As a teen he designed and made sets, masks and costumes for the local amateur drama group in Tralee. He planned and ran the lighting on performance nights. He was an active member of the Music Association in Tralee. He applied to the Central College of Art in London, and was accepted on the strength of his drawings. He had exceptional talent as a draughtsman and studied Fine Art painting and printmaking.

When he left for London, Rose, his wife-to-be, followed him. They were married in a Southwark church. After studying part-time the need to earn a living for his new family became too demanding and he was forced to give up his studies. The family returned to Ireland in 1973.

He continued to paint. He exhibited rarely but had private followers in Ireland and the UK. During this time he had paintings accepted to the prestigious RHA Summer Exhibitions in 1988 and 1993. He died just as he neared the completion of a set of works intended for a solo exhibition.

==Practice==

He researched his paintings sitting in fields and graveyards with his sketchbook and watercolours, then finished the works on a painter's easel at home.

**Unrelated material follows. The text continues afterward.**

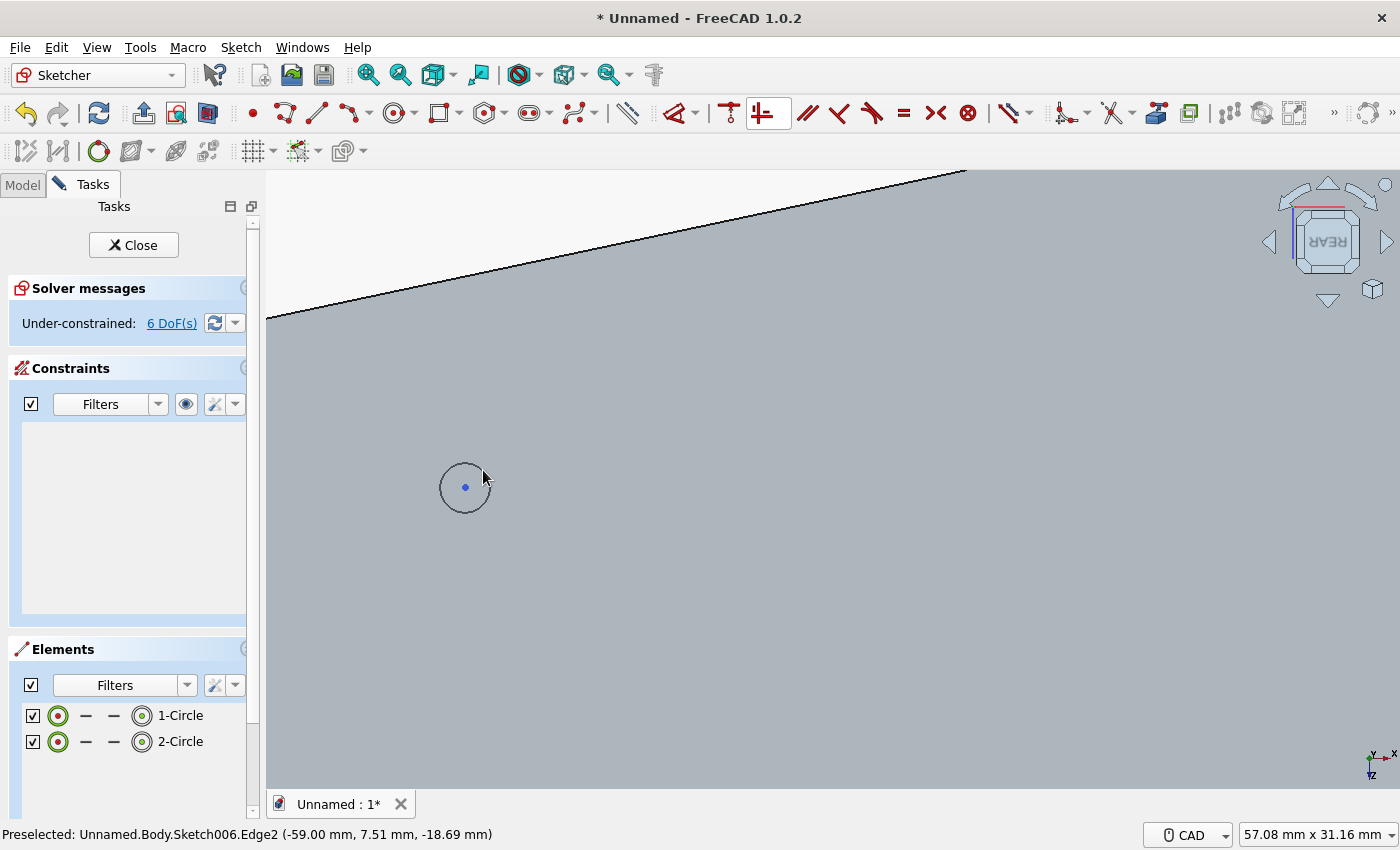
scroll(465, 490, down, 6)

He worked primarily in oils and distemper (which was unusual for the times), but allowed him to achieve the palette that he needed. He worked mostly on board rather than canvas. He was influenced by the works of Morandi and the theories of colour psychology. He was interested in popular science and natural history and had an extensive library of these as well as art topics.

==Provenance==
- Included in the 'Off the Wall' Exhibition (Morgan O'Driscoll) 2014 (Posthumously)
- Exhibited in the People's Art Exhibition, St Stephens Green, Dublin 2004
- Exhibited Royal Hibernian Academy in the 163rd Summer Exhibition 1993.
- Exhibited Royal Hibernian Academy in the 158th Summer Exhibition 1988
- Held in the public collection of the Department of Economics of University College Cork.
- Work held in private collections in Ireland and the UK

He was contemporary to William Crozier, Tony O'Malley, Charles Brady, Markey Robinson, Patrick Scott and Sean Scully.